His comments come after Fairfax Media reported that Joe Hockey is offering privileged access to a select group of business people and industry lobbyists in return for tens of thousands of dollars in donations to the Liberal Party via a secretive fund-raising body.
This comes as the Independent Commission Against Corruption probes Liberal fund-raising bodies such as the Millenium Fund and questioning their influence on political favours in NSW.
The donors are members of the North Sydney Forum, a campaign fundraising body run by Mr Hockey's North Sydney Federal Electoral Conference (FEC). In return for annual fees of up to $22,000, members are rewarded with "VIP" meetings with Mr Hockey, often in private boardrooms.
The North Sydney FEC officials who run the forum – which is an incorporated entity of the Liberal Party – say its membership lists and therefore the identities of its donors are "confidential". Mr Hockey also says details of who he is meeting and what is discussed are confidential.
On Monday, Mr Abbott was asked if he was comfortable with Mr Hockey's fund-raising activities during an interview with Channel Nine.
Mr Abbott responded by saying that he had not read the Fairfax Media report but that "all political parties have to raise money".
"Typically, you raise money by having events where senior members of the party go and obviously they meet people at these events," he said.
"The alternative to fund-raising in this time-honoured way, is taxpayer funding."
Mr Abbott said that in the context of a "very tough" budget, the idea that taxpayers should fund political parties was "very, very odd".
When asked if there should be a federal ICAC, Mr Abbott said that he thought that Canberra had a "pretty clean polity".
"The thing is that we’re going to keep the lobbyists out [of politics]. And the problem that ICAC is exposing is a problem of lobbying, essentially its influence peddling . . . and we’re going to make sure that that has no place whatsoever federally."
In a statement released on Monday morning, Mr Hockey described the accusations made in the Fairfax Media story as "both offensive and repugnant".
"The Treasurer will not let this distract him from the important task of putting the budget together," he said.
"As the matter is now in the hands of lawyers no further comment can be made."

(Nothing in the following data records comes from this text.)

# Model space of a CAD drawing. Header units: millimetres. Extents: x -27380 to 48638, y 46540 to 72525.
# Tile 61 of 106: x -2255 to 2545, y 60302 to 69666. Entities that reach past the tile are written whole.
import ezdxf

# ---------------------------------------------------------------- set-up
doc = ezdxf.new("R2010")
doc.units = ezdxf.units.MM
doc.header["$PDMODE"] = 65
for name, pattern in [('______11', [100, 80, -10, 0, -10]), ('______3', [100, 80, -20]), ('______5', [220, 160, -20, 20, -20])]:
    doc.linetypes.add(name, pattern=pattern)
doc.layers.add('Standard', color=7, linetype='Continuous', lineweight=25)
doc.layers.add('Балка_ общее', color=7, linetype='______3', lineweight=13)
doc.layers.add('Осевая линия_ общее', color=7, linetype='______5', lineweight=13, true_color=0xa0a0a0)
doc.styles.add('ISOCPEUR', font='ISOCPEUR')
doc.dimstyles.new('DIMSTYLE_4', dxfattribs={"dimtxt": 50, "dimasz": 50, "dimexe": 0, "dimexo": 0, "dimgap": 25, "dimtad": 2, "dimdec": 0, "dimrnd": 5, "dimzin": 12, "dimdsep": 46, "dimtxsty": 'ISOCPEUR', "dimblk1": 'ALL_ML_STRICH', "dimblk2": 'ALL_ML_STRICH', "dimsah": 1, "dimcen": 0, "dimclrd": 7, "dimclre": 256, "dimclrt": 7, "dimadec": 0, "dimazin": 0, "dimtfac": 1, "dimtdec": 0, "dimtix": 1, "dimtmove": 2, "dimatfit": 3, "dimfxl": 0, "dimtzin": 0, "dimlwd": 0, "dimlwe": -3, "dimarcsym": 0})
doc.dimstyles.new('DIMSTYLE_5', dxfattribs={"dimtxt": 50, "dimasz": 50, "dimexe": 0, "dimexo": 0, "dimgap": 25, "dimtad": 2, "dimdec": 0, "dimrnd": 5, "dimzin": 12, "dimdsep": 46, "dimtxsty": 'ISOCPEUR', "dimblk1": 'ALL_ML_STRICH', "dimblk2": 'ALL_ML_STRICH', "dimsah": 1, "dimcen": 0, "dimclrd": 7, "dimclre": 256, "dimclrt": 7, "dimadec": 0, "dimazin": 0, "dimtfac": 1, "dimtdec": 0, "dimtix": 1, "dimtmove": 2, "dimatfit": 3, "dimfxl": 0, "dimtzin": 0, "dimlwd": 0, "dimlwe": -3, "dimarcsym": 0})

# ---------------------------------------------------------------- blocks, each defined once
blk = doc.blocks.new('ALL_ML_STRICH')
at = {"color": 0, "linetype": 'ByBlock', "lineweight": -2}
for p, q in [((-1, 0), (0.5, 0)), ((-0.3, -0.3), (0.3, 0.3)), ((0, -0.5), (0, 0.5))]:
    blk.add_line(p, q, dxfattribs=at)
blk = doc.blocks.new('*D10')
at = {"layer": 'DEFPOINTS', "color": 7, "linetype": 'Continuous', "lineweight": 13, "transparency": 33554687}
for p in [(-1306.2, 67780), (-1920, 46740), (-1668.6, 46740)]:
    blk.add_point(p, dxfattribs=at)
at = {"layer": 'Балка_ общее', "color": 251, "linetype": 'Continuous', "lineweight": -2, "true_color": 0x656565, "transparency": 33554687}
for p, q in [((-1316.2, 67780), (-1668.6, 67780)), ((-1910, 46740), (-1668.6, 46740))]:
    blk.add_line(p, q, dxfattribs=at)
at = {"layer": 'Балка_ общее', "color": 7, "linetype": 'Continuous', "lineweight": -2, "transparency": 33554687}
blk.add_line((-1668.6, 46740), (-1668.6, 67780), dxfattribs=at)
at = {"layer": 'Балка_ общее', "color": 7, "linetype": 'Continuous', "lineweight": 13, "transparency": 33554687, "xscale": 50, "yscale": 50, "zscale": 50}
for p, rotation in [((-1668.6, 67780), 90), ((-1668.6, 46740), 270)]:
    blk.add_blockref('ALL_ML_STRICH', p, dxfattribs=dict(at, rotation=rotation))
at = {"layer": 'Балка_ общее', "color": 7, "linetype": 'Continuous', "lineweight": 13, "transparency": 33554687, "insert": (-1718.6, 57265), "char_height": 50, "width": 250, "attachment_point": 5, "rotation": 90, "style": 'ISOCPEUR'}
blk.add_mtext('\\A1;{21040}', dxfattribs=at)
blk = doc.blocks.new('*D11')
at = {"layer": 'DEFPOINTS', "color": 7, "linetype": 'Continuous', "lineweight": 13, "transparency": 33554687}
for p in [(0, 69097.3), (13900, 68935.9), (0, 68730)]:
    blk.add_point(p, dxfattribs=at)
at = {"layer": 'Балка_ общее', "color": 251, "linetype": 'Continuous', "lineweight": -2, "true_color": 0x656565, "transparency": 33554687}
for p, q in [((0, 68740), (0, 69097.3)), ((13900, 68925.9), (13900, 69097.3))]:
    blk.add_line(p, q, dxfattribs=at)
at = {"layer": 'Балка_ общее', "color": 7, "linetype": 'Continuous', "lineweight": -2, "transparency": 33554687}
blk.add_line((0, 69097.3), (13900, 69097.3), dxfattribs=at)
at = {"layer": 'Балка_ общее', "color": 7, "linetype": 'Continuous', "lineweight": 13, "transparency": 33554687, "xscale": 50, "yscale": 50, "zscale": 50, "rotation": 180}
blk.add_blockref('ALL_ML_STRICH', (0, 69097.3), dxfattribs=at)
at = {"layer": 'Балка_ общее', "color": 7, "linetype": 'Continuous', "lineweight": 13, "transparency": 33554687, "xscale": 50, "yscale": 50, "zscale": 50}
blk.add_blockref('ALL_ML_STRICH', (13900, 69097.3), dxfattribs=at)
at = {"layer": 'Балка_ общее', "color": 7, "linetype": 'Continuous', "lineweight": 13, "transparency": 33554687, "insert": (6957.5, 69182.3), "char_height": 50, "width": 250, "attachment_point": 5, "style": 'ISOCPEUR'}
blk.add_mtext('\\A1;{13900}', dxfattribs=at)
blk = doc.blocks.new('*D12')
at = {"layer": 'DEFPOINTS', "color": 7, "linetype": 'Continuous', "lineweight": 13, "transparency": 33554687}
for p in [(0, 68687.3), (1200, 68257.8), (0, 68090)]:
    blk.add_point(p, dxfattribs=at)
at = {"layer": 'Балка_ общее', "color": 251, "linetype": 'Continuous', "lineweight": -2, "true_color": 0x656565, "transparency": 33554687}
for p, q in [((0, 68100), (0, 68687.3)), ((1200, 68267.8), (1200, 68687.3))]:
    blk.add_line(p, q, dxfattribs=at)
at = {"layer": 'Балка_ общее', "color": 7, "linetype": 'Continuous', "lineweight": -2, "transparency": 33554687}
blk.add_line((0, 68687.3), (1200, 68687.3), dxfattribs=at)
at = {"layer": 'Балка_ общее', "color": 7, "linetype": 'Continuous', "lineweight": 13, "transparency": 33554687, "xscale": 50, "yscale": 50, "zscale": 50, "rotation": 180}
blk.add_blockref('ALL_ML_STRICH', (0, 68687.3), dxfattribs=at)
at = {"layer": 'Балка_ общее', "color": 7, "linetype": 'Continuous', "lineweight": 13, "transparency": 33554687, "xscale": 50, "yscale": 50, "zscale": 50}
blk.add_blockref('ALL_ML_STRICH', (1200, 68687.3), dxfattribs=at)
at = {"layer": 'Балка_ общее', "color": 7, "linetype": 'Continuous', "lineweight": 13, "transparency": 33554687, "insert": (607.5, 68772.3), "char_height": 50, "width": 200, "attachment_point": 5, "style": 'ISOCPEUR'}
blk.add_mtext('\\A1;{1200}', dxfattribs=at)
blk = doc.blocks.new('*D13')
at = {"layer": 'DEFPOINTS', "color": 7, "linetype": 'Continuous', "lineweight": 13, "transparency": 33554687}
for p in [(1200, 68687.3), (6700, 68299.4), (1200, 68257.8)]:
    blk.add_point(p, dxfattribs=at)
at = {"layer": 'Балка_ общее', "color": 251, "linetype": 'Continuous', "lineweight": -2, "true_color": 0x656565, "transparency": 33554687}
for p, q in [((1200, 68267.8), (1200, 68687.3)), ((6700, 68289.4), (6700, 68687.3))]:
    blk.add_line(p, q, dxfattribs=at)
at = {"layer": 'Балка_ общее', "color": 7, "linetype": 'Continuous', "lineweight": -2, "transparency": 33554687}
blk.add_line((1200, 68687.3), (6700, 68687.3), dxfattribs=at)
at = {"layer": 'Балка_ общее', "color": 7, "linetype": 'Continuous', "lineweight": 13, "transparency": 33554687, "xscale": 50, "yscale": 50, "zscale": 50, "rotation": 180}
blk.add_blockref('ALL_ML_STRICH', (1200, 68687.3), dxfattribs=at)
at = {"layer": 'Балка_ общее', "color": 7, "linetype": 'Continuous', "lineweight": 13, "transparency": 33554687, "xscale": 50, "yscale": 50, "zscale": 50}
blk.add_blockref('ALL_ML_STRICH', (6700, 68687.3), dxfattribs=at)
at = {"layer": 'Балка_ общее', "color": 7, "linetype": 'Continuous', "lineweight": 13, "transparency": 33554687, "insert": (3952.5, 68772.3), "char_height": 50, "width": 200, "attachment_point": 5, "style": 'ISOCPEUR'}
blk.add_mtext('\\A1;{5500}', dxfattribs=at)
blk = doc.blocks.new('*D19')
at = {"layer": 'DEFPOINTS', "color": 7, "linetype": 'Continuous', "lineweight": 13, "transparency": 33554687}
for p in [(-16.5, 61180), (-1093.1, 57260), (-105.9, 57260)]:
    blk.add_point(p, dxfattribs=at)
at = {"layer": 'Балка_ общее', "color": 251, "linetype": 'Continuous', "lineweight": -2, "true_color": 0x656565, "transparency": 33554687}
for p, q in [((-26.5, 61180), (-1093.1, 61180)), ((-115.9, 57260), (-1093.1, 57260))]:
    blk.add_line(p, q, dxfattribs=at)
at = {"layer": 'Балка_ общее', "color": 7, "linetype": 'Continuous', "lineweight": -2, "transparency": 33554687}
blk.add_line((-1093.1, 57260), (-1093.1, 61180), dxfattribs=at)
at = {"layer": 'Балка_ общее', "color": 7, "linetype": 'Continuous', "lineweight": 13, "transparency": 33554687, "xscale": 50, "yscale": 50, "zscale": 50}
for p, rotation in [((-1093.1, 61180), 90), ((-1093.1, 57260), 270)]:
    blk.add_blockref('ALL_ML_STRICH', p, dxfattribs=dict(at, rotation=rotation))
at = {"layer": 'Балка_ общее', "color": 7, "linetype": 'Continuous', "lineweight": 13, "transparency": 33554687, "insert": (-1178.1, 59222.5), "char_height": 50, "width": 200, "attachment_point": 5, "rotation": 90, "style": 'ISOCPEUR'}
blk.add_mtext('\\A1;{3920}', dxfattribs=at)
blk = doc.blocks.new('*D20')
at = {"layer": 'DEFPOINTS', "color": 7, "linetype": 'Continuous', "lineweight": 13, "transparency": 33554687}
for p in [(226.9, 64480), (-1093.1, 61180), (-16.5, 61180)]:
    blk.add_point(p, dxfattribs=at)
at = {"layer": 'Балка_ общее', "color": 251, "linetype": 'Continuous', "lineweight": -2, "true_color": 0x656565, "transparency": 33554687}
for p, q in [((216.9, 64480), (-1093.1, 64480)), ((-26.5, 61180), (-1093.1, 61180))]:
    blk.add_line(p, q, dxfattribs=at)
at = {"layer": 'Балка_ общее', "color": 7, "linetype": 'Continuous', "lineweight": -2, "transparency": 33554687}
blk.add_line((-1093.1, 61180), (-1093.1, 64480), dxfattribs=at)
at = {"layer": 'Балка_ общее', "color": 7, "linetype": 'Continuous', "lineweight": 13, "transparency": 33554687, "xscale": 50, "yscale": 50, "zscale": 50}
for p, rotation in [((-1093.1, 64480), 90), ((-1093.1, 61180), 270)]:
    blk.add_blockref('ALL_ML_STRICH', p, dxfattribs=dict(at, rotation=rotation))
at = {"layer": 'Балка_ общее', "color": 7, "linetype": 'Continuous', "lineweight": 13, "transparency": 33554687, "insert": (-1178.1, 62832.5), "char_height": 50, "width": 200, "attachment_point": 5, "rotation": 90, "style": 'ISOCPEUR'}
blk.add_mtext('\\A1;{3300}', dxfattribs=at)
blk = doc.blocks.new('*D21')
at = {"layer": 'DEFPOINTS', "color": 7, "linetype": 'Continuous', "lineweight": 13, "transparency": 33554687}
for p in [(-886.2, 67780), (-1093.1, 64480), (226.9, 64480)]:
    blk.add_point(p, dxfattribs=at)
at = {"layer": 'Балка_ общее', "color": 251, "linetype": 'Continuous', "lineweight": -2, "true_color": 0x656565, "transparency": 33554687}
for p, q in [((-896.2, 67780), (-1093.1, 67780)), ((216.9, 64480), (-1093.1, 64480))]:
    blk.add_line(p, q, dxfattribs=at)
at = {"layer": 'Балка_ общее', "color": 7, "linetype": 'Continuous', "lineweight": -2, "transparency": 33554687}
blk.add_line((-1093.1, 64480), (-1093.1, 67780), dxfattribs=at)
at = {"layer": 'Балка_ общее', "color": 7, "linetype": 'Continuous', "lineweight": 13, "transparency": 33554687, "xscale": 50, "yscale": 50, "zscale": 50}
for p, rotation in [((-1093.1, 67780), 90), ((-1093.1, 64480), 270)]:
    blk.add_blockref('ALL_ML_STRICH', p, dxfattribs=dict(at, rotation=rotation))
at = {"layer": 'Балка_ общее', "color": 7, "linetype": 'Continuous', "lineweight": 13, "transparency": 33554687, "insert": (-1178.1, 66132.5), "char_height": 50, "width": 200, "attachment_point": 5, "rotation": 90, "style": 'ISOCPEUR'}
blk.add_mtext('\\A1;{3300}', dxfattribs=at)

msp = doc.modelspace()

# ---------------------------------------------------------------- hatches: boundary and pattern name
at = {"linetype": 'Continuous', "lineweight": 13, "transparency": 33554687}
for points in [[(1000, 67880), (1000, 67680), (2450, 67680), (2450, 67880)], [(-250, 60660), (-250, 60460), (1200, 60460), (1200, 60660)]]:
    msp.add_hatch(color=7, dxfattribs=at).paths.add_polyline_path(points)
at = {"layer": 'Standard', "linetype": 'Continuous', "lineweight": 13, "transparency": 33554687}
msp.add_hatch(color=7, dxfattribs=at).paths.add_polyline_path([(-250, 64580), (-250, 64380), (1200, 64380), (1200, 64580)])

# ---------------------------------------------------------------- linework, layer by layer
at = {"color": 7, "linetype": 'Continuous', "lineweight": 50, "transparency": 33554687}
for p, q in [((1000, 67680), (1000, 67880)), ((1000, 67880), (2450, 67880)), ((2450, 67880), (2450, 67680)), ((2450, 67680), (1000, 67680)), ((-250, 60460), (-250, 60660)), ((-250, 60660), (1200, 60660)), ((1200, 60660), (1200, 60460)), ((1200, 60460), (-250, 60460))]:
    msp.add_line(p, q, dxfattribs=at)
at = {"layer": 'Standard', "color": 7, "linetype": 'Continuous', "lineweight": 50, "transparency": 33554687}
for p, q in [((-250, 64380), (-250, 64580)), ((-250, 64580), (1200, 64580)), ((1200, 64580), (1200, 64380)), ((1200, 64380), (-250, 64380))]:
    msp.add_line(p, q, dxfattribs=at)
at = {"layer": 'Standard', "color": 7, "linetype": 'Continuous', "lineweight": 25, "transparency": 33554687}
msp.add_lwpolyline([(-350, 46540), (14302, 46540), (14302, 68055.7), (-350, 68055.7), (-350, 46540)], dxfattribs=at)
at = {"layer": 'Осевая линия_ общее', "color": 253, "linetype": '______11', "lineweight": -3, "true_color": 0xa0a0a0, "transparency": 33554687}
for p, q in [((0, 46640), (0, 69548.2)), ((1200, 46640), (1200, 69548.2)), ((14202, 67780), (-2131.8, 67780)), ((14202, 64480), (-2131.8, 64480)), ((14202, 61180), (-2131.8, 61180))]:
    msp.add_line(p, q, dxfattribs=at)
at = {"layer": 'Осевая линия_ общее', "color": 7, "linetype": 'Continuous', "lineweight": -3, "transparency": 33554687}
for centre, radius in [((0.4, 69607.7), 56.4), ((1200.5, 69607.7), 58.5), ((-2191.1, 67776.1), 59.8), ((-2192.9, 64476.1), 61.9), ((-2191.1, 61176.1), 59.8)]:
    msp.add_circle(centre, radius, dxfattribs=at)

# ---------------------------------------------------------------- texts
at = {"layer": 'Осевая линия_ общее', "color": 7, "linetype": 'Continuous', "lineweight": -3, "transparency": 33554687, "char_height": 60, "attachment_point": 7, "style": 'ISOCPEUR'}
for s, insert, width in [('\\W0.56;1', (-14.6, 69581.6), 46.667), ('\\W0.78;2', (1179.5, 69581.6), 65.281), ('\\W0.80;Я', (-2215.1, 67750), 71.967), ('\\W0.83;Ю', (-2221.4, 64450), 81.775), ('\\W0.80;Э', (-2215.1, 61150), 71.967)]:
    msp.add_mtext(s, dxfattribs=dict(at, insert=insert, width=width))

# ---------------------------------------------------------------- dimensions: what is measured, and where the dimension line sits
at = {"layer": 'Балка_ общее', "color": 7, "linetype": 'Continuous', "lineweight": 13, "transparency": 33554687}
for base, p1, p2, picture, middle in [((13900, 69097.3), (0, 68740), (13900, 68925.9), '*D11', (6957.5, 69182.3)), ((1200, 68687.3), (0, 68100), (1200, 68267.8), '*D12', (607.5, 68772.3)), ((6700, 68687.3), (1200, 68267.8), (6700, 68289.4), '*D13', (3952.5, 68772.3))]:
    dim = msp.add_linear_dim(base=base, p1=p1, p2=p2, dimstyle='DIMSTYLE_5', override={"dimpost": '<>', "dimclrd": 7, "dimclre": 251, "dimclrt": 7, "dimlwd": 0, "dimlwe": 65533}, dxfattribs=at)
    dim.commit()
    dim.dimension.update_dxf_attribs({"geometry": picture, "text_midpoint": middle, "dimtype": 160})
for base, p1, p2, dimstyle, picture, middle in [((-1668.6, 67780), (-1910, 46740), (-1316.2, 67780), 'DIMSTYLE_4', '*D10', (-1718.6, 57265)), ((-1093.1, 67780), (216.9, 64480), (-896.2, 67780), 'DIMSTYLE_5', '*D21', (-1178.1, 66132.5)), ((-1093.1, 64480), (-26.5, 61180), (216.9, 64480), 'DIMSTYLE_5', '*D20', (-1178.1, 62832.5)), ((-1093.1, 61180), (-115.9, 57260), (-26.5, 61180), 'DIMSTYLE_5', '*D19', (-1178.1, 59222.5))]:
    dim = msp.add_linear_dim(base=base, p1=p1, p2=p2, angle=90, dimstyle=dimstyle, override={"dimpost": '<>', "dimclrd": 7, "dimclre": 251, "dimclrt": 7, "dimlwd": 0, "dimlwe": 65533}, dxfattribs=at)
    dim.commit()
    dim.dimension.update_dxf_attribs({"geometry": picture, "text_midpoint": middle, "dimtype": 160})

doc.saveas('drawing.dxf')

Parliamentary Secretary to the Prime Minister Josh Frydenberg also jumped to Mr Hockey's defence.
"Joe Hockey, in having this forum, is doing nothing unusual or untoward," he told Sky News.
"Many MPs on both sides of the House, had similar arrangements, because we don't have a fully tax-payer funded political system."
There was less support from former Liberal prime minister - and former Liberal Party member - Malcolm Fraser.
Mr Fraser tweeted "using ministerial office for fund raising corrupt".
In another tweet, he said, "used not to happen".
The Greens used the news of Mr Hockey's fundraising to again call for a national ICAC.
Senator Milne said that the Greens had introduced the idea several times to parliament, but it had not secured the backing of Labor or the Coalition.
"And the question I put to them is: why? Why if you've got nothing to hide, would you not want a national integrity commission?" Senator Milne said on Monday.
Shadow assistant treasurer Andrew Leigh said that while Mr Hockey's fundraising was "within the rules", he did not think it was appropriate that people could make such large donations that were not disclosed.
"I think ultimately cash of that scale does cause challenges for the effective operation of our democracy," he told Sky News.
ACTU president Ged Kearney labelled the Fairfax Media report “extraordinary”.
“What we’re hearing is that people are buying policies that really only benefit the people who can actually pay the Treasurer for such a privilege [to do so],” she told reporters in Melbourne.
Ms Kearney said that she hoped the Mr Hockey would stand up “very soon and explain himself”.
But ACTU secretary Dave Oliver said on Monday that Mr Abbott should extend the terms of reference for his royal commission into the unions to include an investigation of Liberal Party slush funds.
Mr Oliver said he would write to the Prime Minister asking him to broaden the Heydon royal commission’s terms of reference, which includes an investigation into union slush funds.
When the commission was announced Mr Abbott said it would shine ‘‘a great big spotlight’’ into the ‘‘dark corners of our national life’’.
Mr Oliver has now used revelations about secret Liberal Party donations aired at the NSW Independent Commission Against Corruption (ICAC) to demand ‘‘this murky underworld of non-disclosed fundraising’’ also be put under the microscope.
‘‘If he’s serious about shining a light on this, he can easily extend the terms of reference into the royal commission to start looking into this area that we’re reading about in the newspapers now on a daily basis,’’ Mr Oliver told ABC radio.
The ICAC has exposed a web of slush funds involving NSW Liberal party MPs and staffers and its inquiry last week lead to the resignation of NSW police minister Mike Gallacher.
Former energy minister Chris Hartcher and fellow Liberal MPs Chris Spence, Darren Webber and Marie Ficarra have all withdrawn from the Liberal party as a result of the ICAC investigation.
Two weeks ago, Barry O’Farrell quit as premier over an undeclared gift of a $3000 bottle of wine.